Plus proches de nous, Zao wou-ki n'a-t-il pas exposé pour la première fois à la Nationale ? La SNBA ne s'est jamais démentie. Ses cimaises d'hier et d'aujourd'hui valorisent et promulguent les créateurs venus du Pays du Milieu. En 2012, HE Jianying et le sculpteur WU Weishan exposèrent au Salon des Beaux Arts pour la première fois en la capitale. N'oublions dans cette vitrine internationale la présence du Canada, de la Suisse, de la Turquie, ou encore de la Slovénie. La SNBA perpétue la vocation des Salons non pas d'affaires mais où les Artistes « s'occupent de leurs faires ». La Nationale des Beaux Arts inlassablement novatrice, révélatrice, est la vitrine des Cultures du monde.

Quels sont les projets du Salon ?

Pour chaque Salon, nous recherchons un défi, organisons un événement dans le hall du Carrousel du Louvre. En 2017, l'animation était faite par le talentueux dessinateur urbain Thomas Dartigues alias Decktwo, auquel a été décerné le prix Puvis de Chavannes. Ainsi en 2018, c'est une nouvelle fois sa performance qui mettra en mouvement la vitrine du Salon et glorifiera le geste graphique. Pour renforcer ce projet, nous souhaiterions établir des contacts avec des institutions comme la Gaité Lyrique et bâtir des partenariats avec des écoles, comme celle des Gobelins, et toutes autres où le dessin reste privilégié.

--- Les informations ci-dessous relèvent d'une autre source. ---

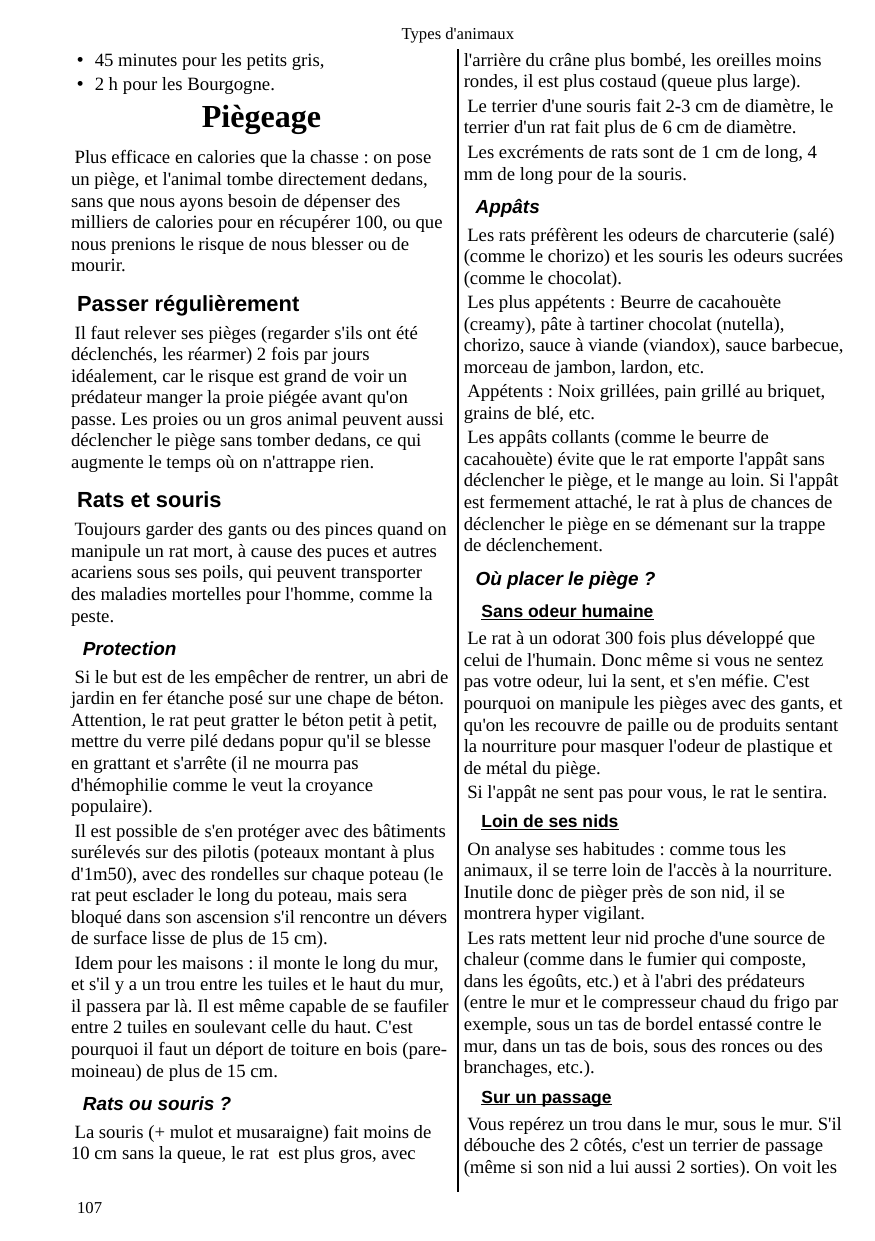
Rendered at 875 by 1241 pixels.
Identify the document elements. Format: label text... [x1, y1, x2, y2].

Nous n'oublions pas la musique chère à Rodin, aussi nous souhaitons lancer un partenariat avec les pianos Yamaha pour réaliser une animation musicale « des tableaux de l'exposition ».
Notre ambition va aussi à la transformation de la SNBA en Fondation. Là, nous nous lançons un grand défi, avant tout financier.
Comme vous le constatez, notre ambition pour la SNBA est vaste, pour ses capacités de développement dévoilées par celles d'un large rayonnement.